Narrating Causal Graphs with Large Language Models
Atharva Phatak, Vijay K. Mago, Ameeta Agrawal, Aravind Inbasekaran, Philippe J. Giabbanelli
TL;DR
This work probes whether large language models can generate coherent natural-language descriptions from causal maps. By evaluating four GPT-3 variants on two causal-map datasets under finetune, few-shot, and zero-shot regimes with inputs that either include or omit explicit causal tags, the study finds that causal text quality improves with training data and is closer to fine-tuned performance in few-shot settings, while zero-shot performance is substantially weaker. A key finding is that using a small number of exemplars can match full fine-tuning for many cases, enabling faster deployment, though causal tags generally help in non-zero-shot scenarios.
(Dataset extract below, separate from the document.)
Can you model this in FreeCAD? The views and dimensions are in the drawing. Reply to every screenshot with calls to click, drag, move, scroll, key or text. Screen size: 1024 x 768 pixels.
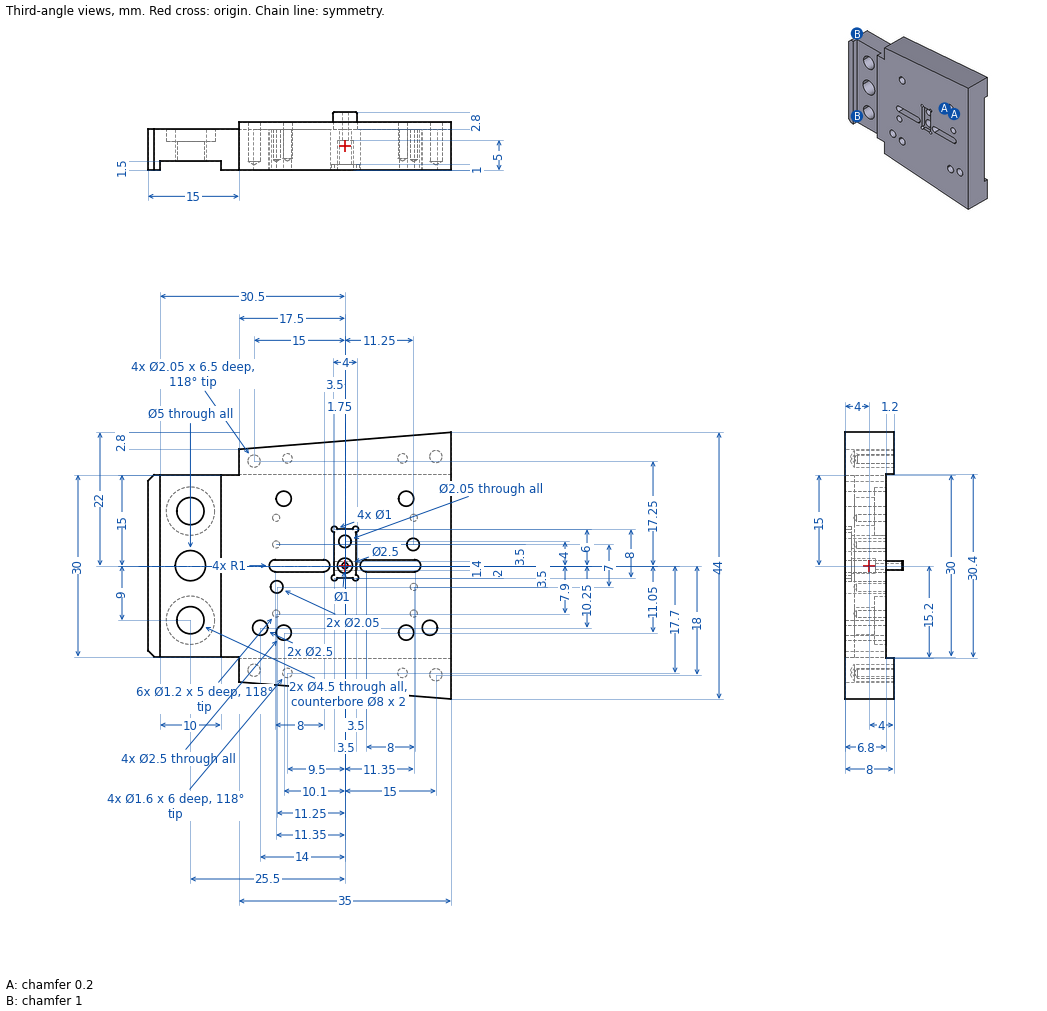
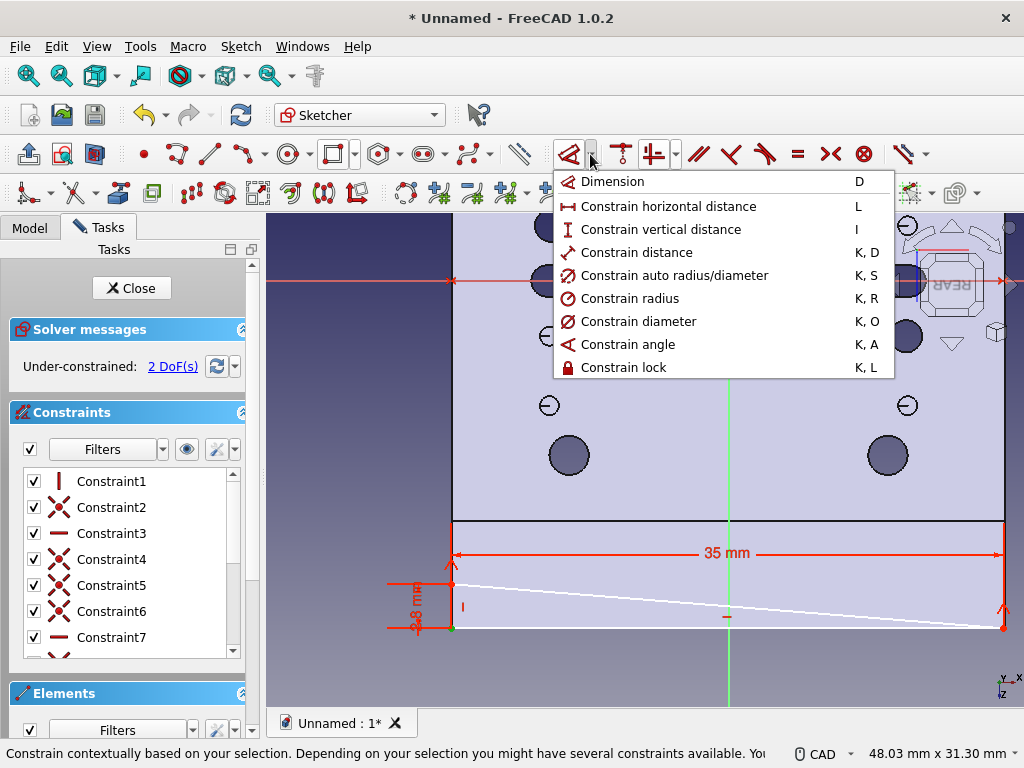
click(724, 230)

The results, contrasted with a WebNLG baseline, suggest that GPT-3 can learn causality from limited examples but does not inherently encode it, underscoring the need for causality-focused evaluation metrics and extension to paragraph-level descriptions and intervention-focused reasoning.
Abstract
The use of generative AI to create text descriptions from graphs has mostly focused on knowledge graphs, which connect concepts using facts. In this work we explore the capability of large pretrained language models to generate text from causal graphs, where salient concepts are represented as nodes and causality is represented via directed, typed edges. The causal reasoning encoded in these graphs can support applications as diverse as healthcare or marketing. Using two publicly available causal graph datasets, we empirically investigate the performance of four GPT-3 models under various settings. Our results indicate that while causal text descriptions improve with training data, compared to fact-based graphs, they are harder to generate under zero-shot settings. Results further suggest that users of generative AI can deploy future applications faster since similar performances are obtained when training a model with only a few examples as compared to fine-tuning via a large curated dataset.